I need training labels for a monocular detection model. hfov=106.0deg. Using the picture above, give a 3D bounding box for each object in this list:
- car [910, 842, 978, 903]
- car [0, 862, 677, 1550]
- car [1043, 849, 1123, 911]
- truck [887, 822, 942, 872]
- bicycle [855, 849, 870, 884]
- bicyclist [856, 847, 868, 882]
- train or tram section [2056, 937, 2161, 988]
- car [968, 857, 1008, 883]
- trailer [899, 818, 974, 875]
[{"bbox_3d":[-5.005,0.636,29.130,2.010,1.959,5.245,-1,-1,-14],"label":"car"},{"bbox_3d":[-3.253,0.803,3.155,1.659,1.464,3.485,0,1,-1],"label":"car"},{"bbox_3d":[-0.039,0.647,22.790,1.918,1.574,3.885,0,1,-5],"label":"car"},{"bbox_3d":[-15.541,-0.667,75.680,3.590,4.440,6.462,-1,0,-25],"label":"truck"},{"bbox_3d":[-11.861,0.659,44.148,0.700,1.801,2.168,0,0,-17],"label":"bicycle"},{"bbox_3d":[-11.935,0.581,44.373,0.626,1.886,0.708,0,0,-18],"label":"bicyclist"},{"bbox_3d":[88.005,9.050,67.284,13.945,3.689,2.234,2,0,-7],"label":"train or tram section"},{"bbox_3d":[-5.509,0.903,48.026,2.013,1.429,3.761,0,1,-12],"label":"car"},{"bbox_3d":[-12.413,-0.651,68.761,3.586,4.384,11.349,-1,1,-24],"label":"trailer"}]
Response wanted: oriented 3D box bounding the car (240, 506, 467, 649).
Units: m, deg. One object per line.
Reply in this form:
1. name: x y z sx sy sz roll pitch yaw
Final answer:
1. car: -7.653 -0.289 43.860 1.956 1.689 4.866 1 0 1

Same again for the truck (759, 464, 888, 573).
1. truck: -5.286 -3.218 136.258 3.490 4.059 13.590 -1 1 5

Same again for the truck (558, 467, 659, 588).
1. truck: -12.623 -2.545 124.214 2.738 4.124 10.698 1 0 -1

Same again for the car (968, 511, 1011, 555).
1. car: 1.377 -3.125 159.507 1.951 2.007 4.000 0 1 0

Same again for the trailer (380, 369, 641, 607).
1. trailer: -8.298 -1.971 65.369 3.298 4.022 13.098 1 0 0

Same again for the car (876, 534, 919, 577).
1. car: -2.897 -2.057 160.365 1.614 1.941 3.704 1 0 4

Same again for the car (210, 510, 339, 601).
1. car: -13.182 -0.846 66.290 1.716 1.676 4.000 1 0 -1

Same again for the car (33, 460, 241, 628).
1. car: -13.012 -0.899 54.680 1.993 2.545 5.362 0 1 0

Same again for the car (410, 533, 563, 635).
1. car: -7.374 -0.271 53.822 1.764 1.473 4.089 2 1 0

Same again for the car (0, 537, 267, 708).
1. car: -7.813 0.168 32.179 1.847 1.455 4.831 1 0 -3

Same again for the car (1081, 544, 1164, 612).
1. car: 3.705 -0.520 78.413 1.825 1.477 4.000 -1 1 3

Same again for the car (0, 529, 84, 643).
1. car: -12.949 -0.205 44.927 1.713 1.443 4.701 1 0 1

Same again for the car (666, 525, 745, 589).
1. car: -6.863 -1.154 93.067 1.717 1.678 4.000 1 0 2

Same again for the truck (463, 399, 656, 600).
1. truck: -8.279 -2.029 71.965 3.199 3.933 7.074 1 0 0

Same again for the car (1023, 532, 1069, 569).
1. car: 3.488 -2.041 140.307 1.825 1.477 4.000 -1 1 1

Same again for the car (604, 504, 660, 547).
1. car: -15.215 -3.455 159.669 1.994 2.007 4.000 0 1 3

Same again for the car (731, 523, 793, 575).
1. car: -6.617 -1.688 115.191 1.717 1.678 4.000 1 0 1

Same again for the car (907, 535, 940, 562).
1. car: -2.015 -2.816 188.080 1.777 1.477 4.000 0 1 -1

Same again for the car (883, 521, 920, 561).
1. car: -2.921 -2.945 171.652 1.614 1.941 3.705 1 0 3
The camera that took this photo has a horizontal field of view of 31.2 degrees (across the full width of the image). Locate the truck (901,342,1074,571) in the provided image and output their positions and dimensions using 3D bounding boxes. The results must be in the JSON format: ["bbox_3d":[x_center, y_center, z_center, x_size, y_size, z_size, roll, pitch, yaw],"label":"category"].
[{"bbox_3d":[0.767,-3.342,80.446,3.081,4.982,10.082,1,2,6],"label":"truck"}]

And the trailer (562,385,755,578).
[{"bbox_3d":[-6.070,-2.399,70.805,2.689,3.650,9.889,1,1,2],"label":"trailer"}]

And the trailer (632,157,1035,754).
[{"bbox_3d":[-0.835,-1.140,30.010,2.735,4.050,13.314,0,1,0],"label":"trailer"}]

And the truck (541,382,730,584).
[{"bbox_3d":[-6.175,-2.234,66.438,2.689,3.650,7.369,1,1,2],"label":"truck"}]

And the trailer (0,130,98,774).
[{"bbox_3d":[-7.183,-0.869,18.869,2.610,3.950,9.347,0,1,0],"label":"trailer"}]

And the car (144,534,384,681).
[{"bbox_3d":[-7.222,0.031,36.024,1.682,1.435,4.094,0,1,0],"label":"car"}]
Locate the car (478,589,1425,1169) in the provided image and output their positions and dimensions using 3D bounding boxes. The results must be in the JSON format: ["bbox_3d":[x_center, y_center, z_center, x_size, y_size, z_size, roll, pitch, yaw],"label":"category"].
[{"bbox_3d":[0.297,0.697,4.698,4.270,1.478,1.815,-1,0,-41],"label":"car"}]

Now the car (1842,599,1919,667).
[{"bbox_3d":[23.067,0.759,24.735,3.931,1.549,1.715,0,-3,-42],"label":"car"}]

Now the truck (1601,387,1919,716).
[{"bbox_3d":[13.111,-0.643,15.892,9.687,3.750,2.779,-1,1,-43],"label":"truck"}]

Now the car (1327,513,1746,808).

::::::

» What is required
From the first line to the last, return the material exactly.

» Reply to the task
I need training labels for a monocular detection model. hfov=106.0deg. Using the picture above, give a 3D bounding box for each object in this list:
- car [910, 842, 978, 903]
- car [0, 862, 677, 1550]
- car [1043, 849, 1123, 911]
- truck [887, 822, 942, 872]
- bicycle [855, 849, 870, 884]
- bicyclist [856, 847, 868, 882]
- train or tram section [2056, 937, 2161, 988]
- car [968, 857, 1008, 883]
- trailer [899, 818, 974, 875]
[{"bbox_3d":[-5.005,0.636,29.130,2.010,1.959,5.245,-1,-1,-14],"label":"car"},{"bbox_3d":[-3.253,0.803,3.155,1.659,1.464,3.485,0,1,-1],"label":"car"},{"bbox_3d":[-0.039,0.647,22.790,1.918,1.574,3.885,0,1,-5],"label":"car"},{"bbox_3d":[-15.541,-0.667,75.680,3.590,4.440,6.462,-1,0,-25],"label":"truck"},{"bbox_3d":[-11.861,0.659,44.148,0.700,1.801,2.168,0,0,-17],"label":"bicycle"},{"bbox_3d":[-11.935,0.581,44.373,0.626,1.886,0.708,0,0,-18],"label":"bicyclist"},{"bbox_3d":[88.005,9.050,67.284,13.945,3.689,2.234,2,0,-7],"label":"train or tram section"},{"bbox_3d":[-5.509,0.903,48.026,2.013,1.429,3.761,0,1,-12],"label":"car"},{"bbox_3d":[-12.413,-0.651,68.761,3.586,4.384,11.349,-1,1,-24],"label":"trailer"}]
Response wanted: oriented 3D box bounding the car (240, 506, 467, 649).
Units: m, deg. One object per line.
Reply in this form:
1. name: x y z sx sy sz roll pitch yaw
Final answer:
1. car: -7.653 -0.289 43.860 1.956 1.689 4.866 1 0 1

Same again for the truck (759, 464, 888, 573).
1. truck: -5.286 -3.218 136.258 3.490 4.059 13.590 -1 1 5

Same again for the truck (558, 467, 659, 588).
1. truck: -12.623 -2.545 124.214 2.738 4.124 10.698 1 0 -1

Same again for the car (968, 511, 1011, 555).
1. car: 1.377 -3.125 159.507 1.951 2.007 4.000 0 1 0

Same again for the trailer (380, 369, 641, 607).
1. trailer: -8.298 -1.971 65.369 3.298 4.022 13.098 1 0 0

Same again for the car (876, 534, 919, 577).
1. car: -2.897 -2.057 160.365 1.614 1.941 3.704 1 0 4

Same again for the car (210, 510, 339, 601).
1. car: -13.182 -0.846 66.290 1.716 1.676 4.000 1 0 -1

Same again for the car (33, 460, 241, 628).
1. car: -13.012 -0.899 54.680 1.993 2.545 5.362 0 1 0

Same again for the car (410, 533, 563, 635).
1. car: -7.374 -0.271 53.822 1.764 1.473 4.089 2 1 0

Same again for the car (0, 537, 267, 708).
1. car: -7.813 0.168 32.179 1.847 1.455 4.831 1 0 -3

Same again for the car (1081, 544, 1164, 612).
1. car: 3.705 -0.520 78.413 1.825 1.477 4.000 -1 1 3

Same again for the car (0, 529, 84, 643).
1. car: -12.949 -0.205 44.927 1.713 1.443 4.701 1 0 1

Same again for the car (666, 525, 745, 589).
1. car: -6.863 -1.154 93.067 1.717 1.678 4.000 1 0 2

Same again for the truck (463, 399, 656, 600).
1. truck: -8.279 -2.029 71.965 3.199 3.933 7.074 1 0 0

Same again for the car (1023, 532, 1069, 569).
1. car: 3.488 -2.041 140.307 1.825 1.477 4.000 -1 1 1

Same again for the car (604, 504, 660, 547).
1. car: -15.215 -3.455 159.669 1.994 2.007 4.000 0 1 3

Same again for the car (731, 523, 793, 575).
1. car: -6.617 -1.688 115.191 1.717 1.678 4.000 1 0 1

Same again for the car (907, 535, 940, 562).
1. car: -2.015 -2.816 188.080 1.777 1.477 4.000 0 1 -1

Same again for the car (883, 521, 920, 561).
1. car: -2.921 -2.945 171.652 1.614 1.941 3.705 1 0 3
The camera that took this photo has a horizontal field of view of 31.2 degrees (across the full width of the image). Locate the truck (901,342,1074,571) in the provided image and output their positions and dimensions using 3D bounding boxes. The results must be in the JSON format: ["bbox_3d":[x_center, y_center, z_center, x_size, y_size, z_size, roll, pitch, yaw],"label":"category"].
[{"bbox_3d":[0.767,-3.342,80.446,3.081,4.982,10.082,1,2,6],"label":"truck"}]

And the trailer (562,385,755,578).
[{"bbox_3d":[-6.070,-2.399,70.805,2.689,3.650,9.889,1,1,2],"label":"trailer"}]

And the trailer (632,157,1035,754).
[{"bbox_3d":[-0.835,-1.140,30.010,2.735,4.050,13.314,0,1,0],"label":"trailer"}]

And the truck (541,382,730,584).
[{"bbox_3d":[-6.175,-2.234,66.438,2.689,3.650,7.369,1,1,2],"label":"truck"}]

And the trailer (0,130,98,774).
[{"bbox_3d":[-7.183,-0.869,18.869,2.610,3.950,9.347,0,1,0],"label":"trailer"}]

And the car (144,534,384,681).
[{"bbox_3d":[-7.222,0.031,36.024,1.682,1.435,4.094,0,1,0],"label":"car"}]
Locate the car (478,589,1425,1169) in the provided image and output their positions and dimensions using 3D bounding boxes. The results must be in the JSON format: ["bbox_3d":[x_center, y_center, z_center, x_size, y_size, z_size, roll, pitch, yaw],"label":"category"].
[{"bbox_3d":[0.297,0.697,4.698,4.270,1.478,1.815,-1,0,-41],"label":"car"}]

Now the car (1842,599,1919,667).
[{"bbox_3d":[23.067,0.759,24.735,3.931,1.549,1.715,0,-3,-42],"label":"car"}]

Now the truck (1601,387,1919,716).
[{"bbox_3d":[13.111,-0.643,15.892,9.687,3.750,2.779,-1,1,-43],"label":"truck"}]

Now the car (1327,513,1746,808).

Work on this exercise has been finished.